- Opening Delimiter -

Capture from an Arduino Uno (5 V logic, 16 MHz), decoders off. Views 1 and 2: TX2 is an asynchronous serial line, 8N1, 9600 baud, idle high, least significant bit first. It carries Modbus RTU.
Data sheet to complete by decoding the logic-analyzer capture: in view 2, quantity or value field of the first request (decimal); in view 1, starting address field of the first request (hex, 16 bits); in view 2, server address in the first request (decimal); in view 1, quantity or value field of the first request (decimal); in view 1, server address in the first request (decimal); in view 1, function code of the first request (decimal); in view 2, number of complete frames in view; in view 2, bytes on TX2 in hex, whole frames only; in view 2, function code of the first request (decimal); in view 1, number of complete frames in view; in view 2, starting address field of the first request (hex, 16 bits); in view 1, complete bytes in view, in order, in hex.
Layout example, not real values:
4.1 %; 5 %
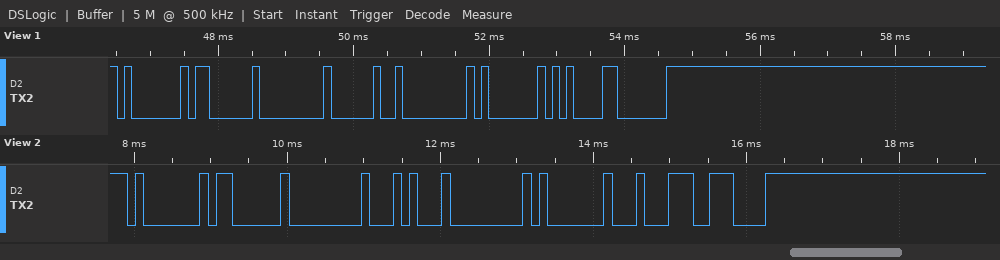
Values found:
1; 0x0020; 1; 1; 1; 3; 8; 01 03 00 14 00 01 C4 0E; 3; 8; 0x0014; 0x01 0x03 0x00 0x20 0x00 0x01 0x85 0xC0

- Closing Delimiter -

### TASK DIRECTIONS
Count how many lines above contain the word "logic". Reply with the number alone.

### OUTPUT BELOW
2